• WORK TASK
It is required that all of the data be written out exactly.

== DATA FOR THIS EXERCISE

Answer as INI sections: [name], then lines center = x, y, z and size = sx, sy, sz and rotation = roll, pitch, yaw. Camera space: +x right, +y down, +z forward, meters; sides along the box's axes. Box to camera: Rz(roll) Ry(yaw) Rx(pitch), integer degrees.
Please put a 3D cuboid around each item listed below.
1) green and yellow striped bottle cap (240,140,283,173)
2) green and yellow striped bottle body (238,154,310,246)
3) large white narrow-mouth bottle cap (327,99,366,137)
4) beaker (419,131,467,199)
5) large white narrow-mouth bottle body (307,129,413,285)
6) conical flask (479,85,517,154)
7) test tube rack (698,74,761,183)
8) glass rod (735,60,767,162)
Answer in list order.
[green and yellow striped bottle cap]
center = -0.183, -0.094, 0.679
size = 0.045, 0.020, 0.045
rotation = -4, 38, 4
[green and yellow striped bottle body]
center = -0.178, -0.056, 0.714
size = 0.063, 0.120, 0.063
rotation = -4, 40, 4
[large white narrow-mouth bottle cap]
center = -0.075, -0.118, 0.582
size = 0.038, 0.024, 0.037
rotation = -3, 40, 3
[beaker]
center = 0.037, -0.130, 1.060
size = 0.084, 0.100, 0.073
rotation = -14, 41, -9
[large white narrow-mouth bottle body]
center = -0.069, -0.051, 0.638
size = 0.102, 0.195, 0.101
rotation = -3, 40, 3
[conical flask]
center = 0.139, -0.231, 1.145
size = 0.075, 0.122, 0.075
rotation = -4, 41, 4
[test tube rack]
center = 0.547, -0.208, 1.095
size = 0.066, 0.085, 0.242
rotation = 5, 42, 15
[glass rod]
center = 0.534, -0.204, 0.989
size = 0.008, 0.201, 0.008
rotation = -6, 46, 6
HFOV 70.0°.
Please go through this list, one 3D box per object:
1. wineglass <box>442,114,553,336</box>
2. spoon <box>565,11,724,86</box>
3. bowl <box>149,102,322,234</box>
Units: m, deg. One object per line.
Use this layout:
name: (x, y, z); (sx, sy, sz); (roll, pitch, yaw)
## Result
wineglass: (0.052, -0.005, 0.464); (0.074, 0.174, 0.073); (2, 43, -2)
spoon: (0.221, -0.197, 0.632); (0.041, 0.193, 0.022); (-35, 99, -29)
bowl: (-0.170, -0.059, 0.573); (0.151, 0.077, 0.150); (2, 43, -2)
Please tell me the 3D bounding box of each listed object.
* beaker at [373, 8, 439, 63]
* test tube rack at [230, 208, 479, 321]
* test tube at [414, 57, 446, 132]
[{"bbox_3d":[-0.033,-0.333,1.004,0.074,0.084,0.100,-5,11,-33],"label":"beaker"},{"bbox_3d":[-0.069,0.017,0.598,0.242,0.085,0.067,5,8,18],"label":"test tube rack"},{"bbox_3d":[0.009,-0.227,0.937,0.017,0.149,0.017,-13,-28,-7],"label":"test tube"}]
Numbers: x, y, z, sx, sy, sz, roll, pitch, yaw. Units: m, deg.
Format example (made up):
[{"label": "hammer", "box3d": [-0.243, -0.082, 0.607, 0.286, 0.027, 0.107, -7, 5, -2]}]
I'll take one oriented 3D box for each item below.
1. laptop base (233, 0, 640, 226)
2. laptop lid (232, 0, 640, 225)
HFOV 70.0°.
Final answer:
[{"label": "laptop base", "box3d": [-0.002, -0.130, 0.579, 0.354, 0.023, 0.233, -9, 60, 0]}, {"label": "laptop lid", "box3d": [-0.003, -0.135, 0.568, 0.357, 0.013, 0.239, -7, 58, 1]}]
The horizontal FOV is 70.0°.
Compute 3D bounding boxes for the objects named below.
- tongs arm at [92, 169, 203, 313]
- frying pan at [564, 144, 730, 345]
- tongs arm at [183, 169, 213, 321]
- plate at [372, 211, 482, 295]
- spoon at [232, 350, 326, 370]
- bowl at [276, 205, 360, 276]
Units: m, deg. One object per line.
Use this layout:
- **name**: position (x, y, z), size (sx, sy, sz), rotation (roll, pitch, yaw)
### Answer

====

• TASK ANSWER
Answer as INI sections: [name], then lines center = x, y, z and size = sx, sy, sz and rotation = roll, pitch, yaw. Camera space: +x right, +y down, +z forward, meters; sides along the box's axes. Box to camera: Rz(roll) Ry(yaw) Rx(pitch), integer degrees.
Please put a 3D cuboid around each item listed below.
1) green and yellow striped bottle cap (240,140,283,173)
2) green and yellow striped bottle body (238,154,310,246)
3) large white narrow-mouth bottle cap (327,99,366,137)
4) beaker (419,131,467,199)
5) large white narrow-mouth bottle body (307,129,413,285)
6) conical flask (479,85,517,154)
7) test tube rack (698,74,761,183)
8) glass rod (735,60,767,162)
Answer in list order.
[green and yellow striped bottle cap]
center = -0.183, -0.094, 0.679
size = 0.045, 0.020, 0.045
rotation = -4, 38, 4
[green and yellow striped bottle body]
center = -0.178, -0.056, 0.714
size = 0.063, 0.120, 0.063
rotation = -4, 40, 4
[large white narrow-mouth bottle cap]
center = -0.075, -0.118, 0.582
size = 0.038, 0.024, 0.037
rotation = -3, 40, 3
[beaker]
center = 0.037, -0.130, 1.060
size = 0.084, 0.100, 0.073
rotation = -14, 41, -9
[large white narrow-mouth bottle body]
center = -0.069, -0.051, 0.638
size = 0.102, 0.195, 0.101
rotation = -3, 40, 3
[conical flask]
center = 0.139, -0.231, 1.145
size = 0.075, 0.122, 0.075
rotation = -4, 41, 4
[test tube rack]
center = 0.547, -0.208, 1.095
size = 0.066, 0.085, 0.242
rotation = 5, 42, 15
[glass rod]
center = 0.534, -0.204, 0.989
size = 0.008, 0.201, 0.008
rotation = -6, 46, 6
HFOV 70.0°.
Please go through this list, one 3D box per object:
1. wineglass <box>442,114,553,336</box>
2. spoon <box>565,11,724,86</box>
3. bowl <box>149,102,322,234</box>
Units: m, deg. One object per line.
Use this layout:
name: (x, y, z); (sx, sy, sz); (roll, pitch, yaw)
## Result
wineglass: (0.052, -0.005, 0.464); (0.074, 0.174, 0.073); (2, 43, -2)
spoon: (0.221, -0.197, 0.632); (0.041, 0.193, 0.022); (-35, 99, -29)
bowl: (-0.170, -0.059, 0.573); (0.151, 0.077, 0.150); (2, 43, -2)
Please tell me the 3D bounding box of each listed object.
* beaker at [373, 8, 439, 63]
* test tube rack at [230, 208, 479, 321]
* test tube at [414, 57, 446, 132]
[{"bbox_3d":[-0.033,-0.333,1.004,0.074,0.084,0.100,-5,11,-33],"label":"beaker"},{"bbox_3d":[-0.069,0.017,0.598,0.242,0.085,0.067,5,8,18],"label":"test tube rack"},{"bbox_3d":[0.009,-0.227,0.937,0.017,0.149,0.017,-13,-28,-7],"label":"test tube"}]
Numbers: x, y, z, sx, sy, sz, roll, pitch, yaw. Units: m, deg.
Format example (made up):
[{"label": "hammer", "box3d": [-0.243, -0.082, 0.607, 0.286, 0.027, 0.107, -7, 5, -2]}]
I'll take one oriented 3D box for each item below.
1. laptop base (233, 0, 640, 226)
2. laptop lid (232, 0, 640, 225)
HFOV 70.0°.
Final answer:
[{"label": "laptop base", "box3d": [-0.002, -0.130, 0.579, 0.354, 0.023, 0.233, -9, 60, 0]}, {"label": "laptop lid", "box3d": [-0.003, -0.135, 0.568, 0.357, 0.013, 0.239, -7, 58, 1]}]
The horizontal FOV is 70.0°.
Compute 3D bounding boxes for the objects named below.
- tongs arm at [92, 169, 203, 313]
- frying pan at [564, 144, 730, 345]
- tongs arm at [183, 169, 213, 321]
- plate at [372, 211, 482, 295]
- spoon at [232, 350, 326, 370]
- bowl at [276, 205, 360, 276]
Units: m, deg. One object per line.
Use this layout:
- **name**: position (x, y, z), size (sx, sy, sz), rotation (roll, pitch, yaw)
### Answer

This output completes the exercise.